But in his research he’s shown Caligus makes juvenile Fraser river sockeye grow slower and impacts their ability to compete for food, he says.

The DFO and ASC require salmon farmers to count both types of sea lice, but the limits are only applied to L. salmonis, he adds.

An outbreak of Caligus would not trigger treatment requirements, Wristen says.

“Nothing about the distinction between the two species of lice matters to a tiny, wild smolt: both species attach to the fish and eat their way through the skin to get at the blood,” Wristen says. Both species can create “large, open sores” on the fish which make them more susceptible to diseases; can spread disease between farmed and wild fish; and reduce a smolt’s “competitive ability to forage,” she says.

“There is simply no reason to treat them differently, from an ecological perspective,” Wristen says.

It’s important for B.C. to improve its regulations around sea lice because warming sea temperatures and sea lice treatment resistance are going to exacerbate louse populations, Godwin says.

If the ASC is deferring to local governments to set allowable sea lice limits it should defer to First Nation’s regulations, says Dan Lewis, executive director for Clayoquot Action.

Many First Nations oppose fish farms in their territories. The Dzawada'enuxw First Nation took the federal government to court for granting fish farm licences in their territory in the Broughton Archipelago. More than 100 First Nations, wilderness tourism operators and commercial and sport fishing groups have demanded the government remove all open net pen salmon farms from around Campbell River on Vancouver Island. Hereditary Chief Tsahavkuse of the Laichwiltach Nation wants to kick all fish farms out of the country.

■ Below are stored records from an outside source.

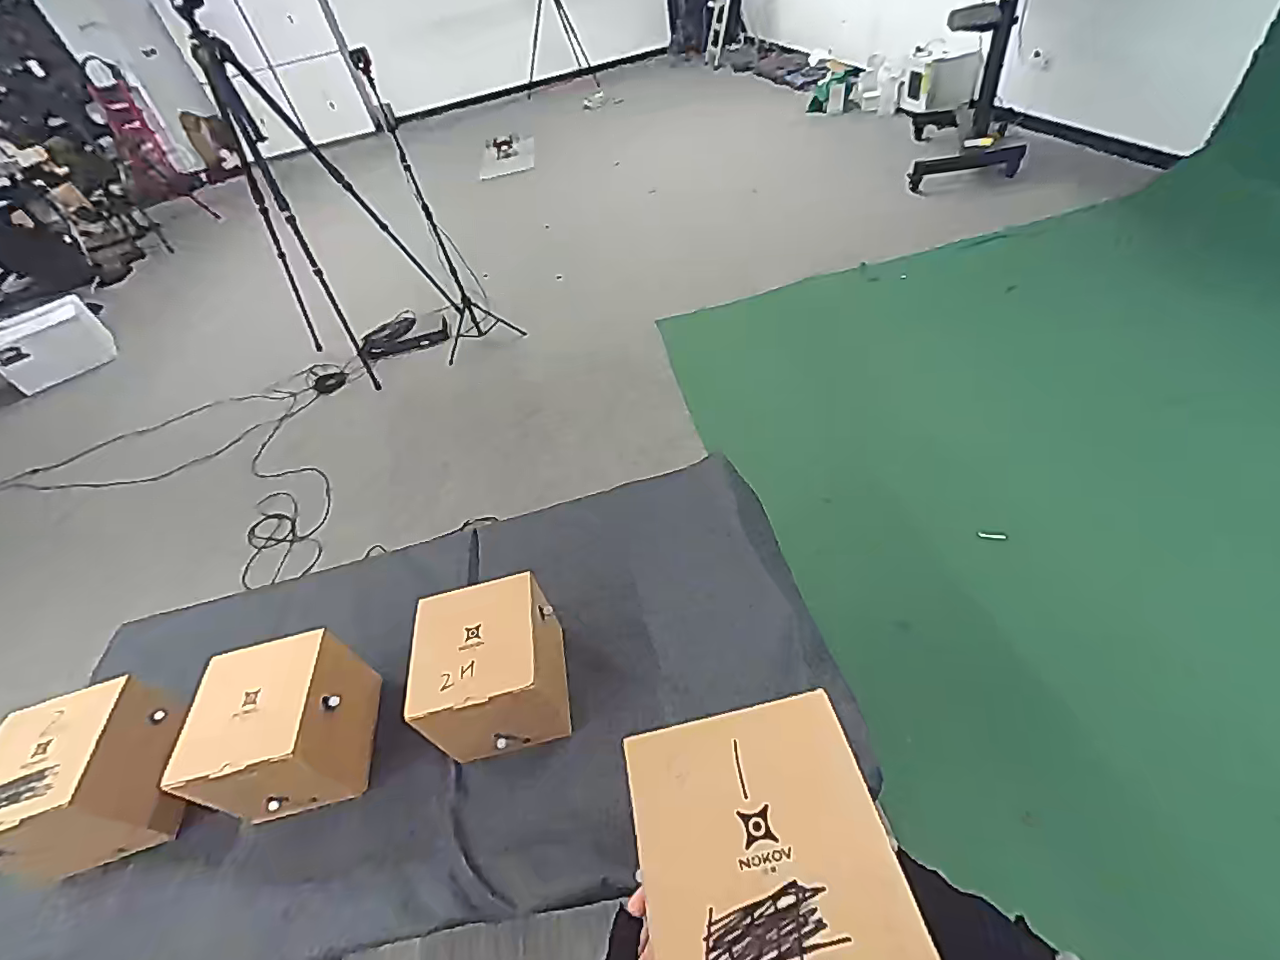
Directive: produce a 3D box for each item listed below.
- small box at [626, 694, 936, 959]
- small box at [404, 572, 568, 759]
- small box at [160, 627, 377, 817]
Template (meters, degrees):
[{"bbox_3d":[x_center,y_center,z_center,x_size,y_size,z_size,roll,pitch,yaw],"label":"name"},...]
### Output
[{"bbox_3d":[0.095,0.299,0.421,0.168,0.176,0.179,-14,45,0],"label":"small box"},{"bbox_3d":[-0.205,0.262,0.763,0.168,0.176,0.179,-14,45,0],"label":"small box"},{"bbox_3d":[-0.494,0.339,0.757,0.168,0.176,0.179,-14,46,-1],"label":"small box"}]

It’s not clear how long fish farms will be in B.C. waters.

In June 2022 the federal Minister of Fisheries and Oceans Joyce Murray said B.C. would transition away from open-net pen salmon aquaculture over the coming years, but both Wristen and Godwin say the DFO appears to be positioning itself to “transition” rather than “wind down” the industry, which could mean adding new technology but leaving the farms in the water.

Even before the ASC recently changed its sea lice limits, its stamp of approval didn’t convince everyone.

As of December 2021, for example, the Monterey Bay Aquarium Seafood Watch recommended customers "avoid" buying Atlantic salmon farmed in marine net pens in B.C. The program gave the aquaculture industry a score of 3.6 out of 10, with disease and chemical use being the top concerns. But the program also recommends buying ASC-certified salmon, regardless of farming method or location.*

SeaChoice recommends avoiding buying any open net-pen farmed salmon, regardless of if it is certified or markets itself “best practice” or “responsible practice.” Buying sustainably caught wild Pacific salmon or Atlantic salmon grown in land-based, closed containment is best, it adds.

Consumers can check fish farm’s lice levels themselves through the DFO website, but reports are published half a year after they’re prepared.

Most farms in B.C. are ASC-certified farms; these farms are also required to publish their lice numbers on their websites, but finding the data often requires some digging, Wristen says.

* Story corrected on Oct. 17 at 10:45 a.m. to clarify that Monterey Bay Aquarium Seafood Watch advised specifically against buying Atlantic salmon farmed in marine net pens in B.C., and recommended buying farmed Atlantic salmon that had been ASC-certified.  [Tyee]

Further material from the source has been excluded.